Great stories last a long time

An effective leader is someone who can make an impact even after they are no longer around. Even if you move to a different company or leave the organization behind, you can still promote productivity and enthusiasm in others by sharing stories that inspire them to do better. The learning they get from you extends beyond the mere act of sharing stories; the stories live within those that you lead in the organization. 

Stories inspire action from others

The ultimate goal of leaders is to inspire and motivate others. It is a way of sharing experiences. Even if others are not involved in the story, sharing it with them can make them feel a part of that experience. You can leverage that to compel them to take your desired action. 

Moreover, stories are based on experiential learning.

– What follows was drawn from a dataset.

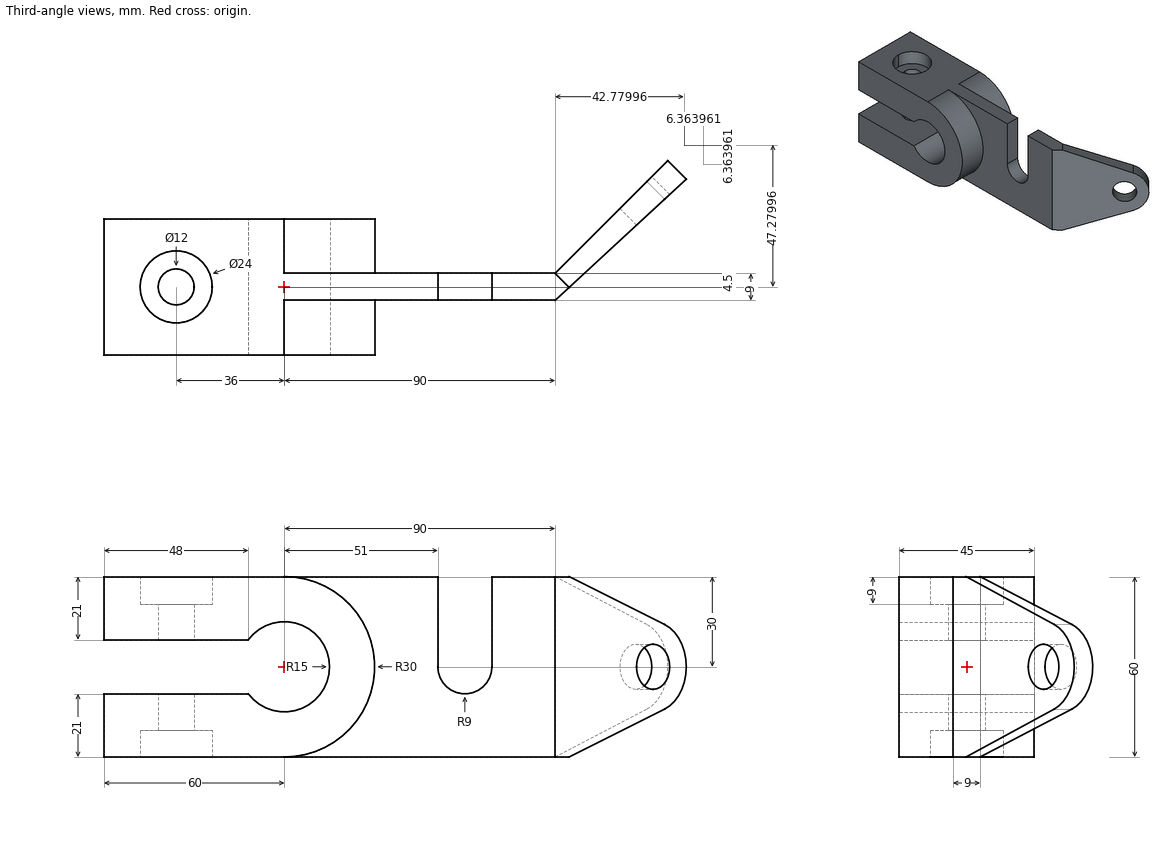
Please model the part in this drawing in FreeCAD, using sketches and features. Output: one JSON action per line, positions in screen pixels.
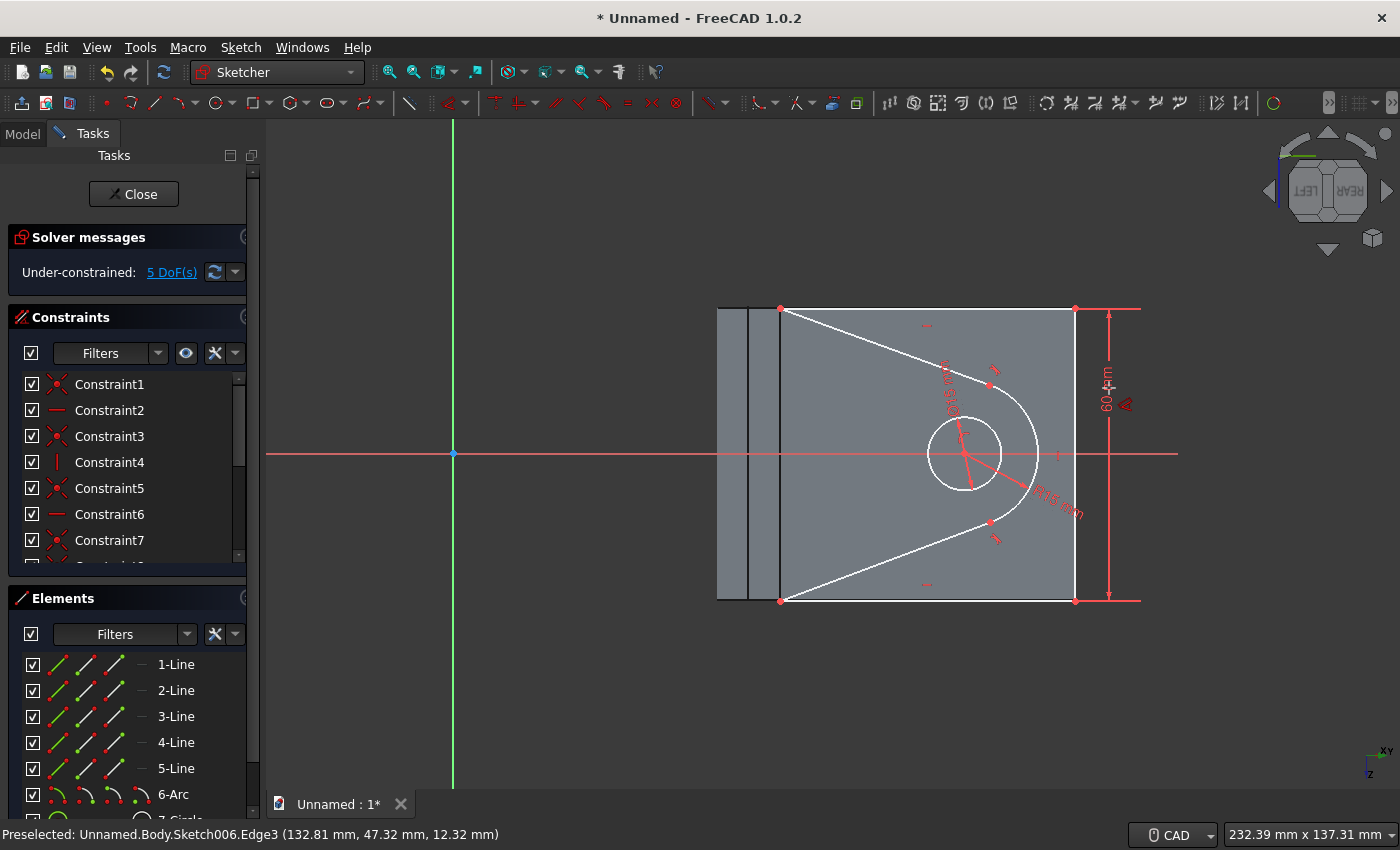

It is an effective way to convey ideas and showcase the potential for human accomplishment. 

importance of storytelling as a leader

How to Develop the Power of Storytelling in Leadership

Do you want to become more effective as a storytelling leader? 

It doesn’t take rocket science to become a better storyteller. Here are a few things that you need to know in order to develop the power of storytelling as a leader.

1. Collect stories

As a leader, you do not need to travel the world and collect unbelievable stories to share. All you have to do is collect stories that you can share. How do you collect people’s stories? 

When you meet new people, you can get to know them by letting them share an inspiring story or two. You can also read a lot. Reading about other leaders’ stories can inspire you, and will give a few insights that you can share with your team. 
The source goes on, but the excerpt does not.